Tony Birch was born in inner-city Melbourne, into a large family of Aboriginal, West Indian and Irish descent. His upbringing was challenging and difficult, and much of this is captured in his remarkable debut, the semi-autobiographical Shadowboxing.

An alter boy and exceptional student at his local Catholic primary school, in adolescence, Birch went ‘off the rails’ as a teenager. He was expelled from two high schools for fighting and found trouble with the police for the same reason. Although somewhat adrift following his expulsions, he remained a voracious reader – once, when he was arrested by police, all they found when they patted him down was a copy of Camus’ The Outsider, which remains his favourite book.

Returning to night school to complete his studies, Birch met his mentor, Anne Misson, whose credo was very simple: ‘You’ll be great, but only if you work your arse off.’ Birch still lives by this and applies it to everything including his passion for running, which is where his writing is created and shaped.

Birch’s work is widely read and loved including by those who might normally avoid books, particularly teenage boys. Through his outreach work, he visits many schools to speak to students, and takes particular pleasure in returning to the two schools that expelled him, as both of his previous books are on the syllabus.

Janine Burke

Janine Burke is the award-winning author of books of art history, biography and fiction. Between 1977 and 1982, she lectured in art history at the Victorian College of the Arts before resigning to write full time. She has degrees in art history from the University of Melbourne, La Trobe University and Deakin University. She has written extensively on the Heide Circle, including Joy Hester, Dear Sun: The Letters of Joy Hester and Sunday Reed andThe Eye of the Beholder: Albert Tucker’s Photographs. Australian Gothic, her acclaimed biography of Tucker and the final book in the Heide quartet, The Heart Garden.
She has lectured extensively on art, curated exhibitions, written for newspapers and journals and acted as a consultant to films and documentaries.

Arnold Zable

Arnold Zable is one of Australia’s best-loved storytellers. He was born in Wellington, New Zealand, and grew up in the inner Melbourne suburb of Carlton. He has travelled and lived in the USA, India, Papua New Guinea, Europe, Southeast Asia and China, and now lives in Melbourne with his wife and son.

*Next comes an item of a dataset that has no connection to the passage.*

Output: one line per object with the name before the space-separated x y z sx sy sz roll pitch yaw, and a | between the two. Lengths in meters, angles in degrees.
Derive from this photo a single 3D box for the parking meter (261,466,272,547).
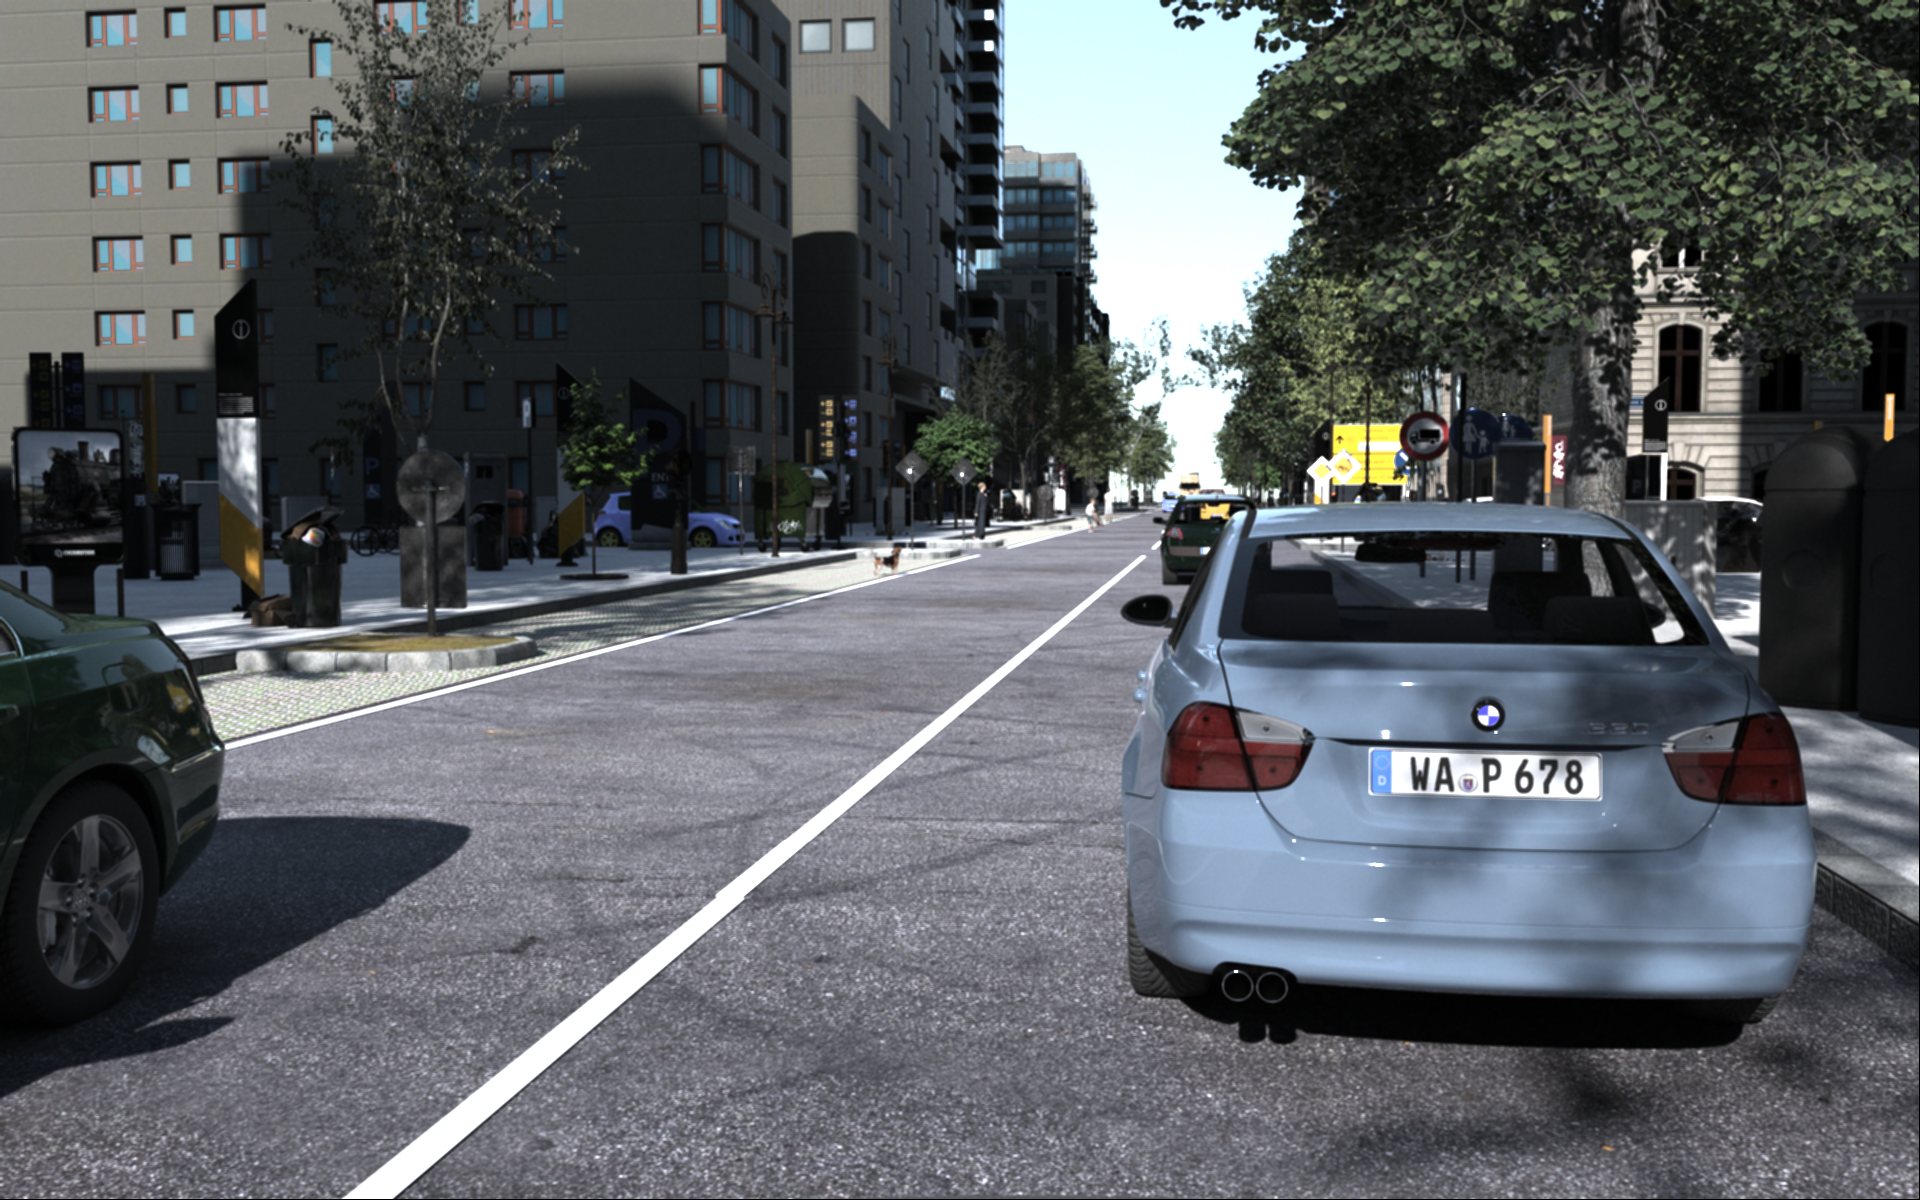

Arnold is the award-winning and highly acclaimed author of the memoir Jewels and Ashes (1991) and the bestselling Café Scheherazade (2001), which was recently adapted for the stage. His other books includeThe Fig Tree (2002), Scraps of Heaven (2004) and Sea of Many Returns (2008) and the recent collection of true stories Violin Lessons (2011), which takes the reader on an intimate journey into the lives of people Arnold has met on travels over the last forty years.

Arnold is president of the International PEN, Melbourne, and is a human rights advocate. Formerly a lecturer at the University of Melbourne, he speaks and writes with passion about memory and history, displacement and community. His writing has appeared in the Age,Sydney Morning Herald, Monthly and a range of journals.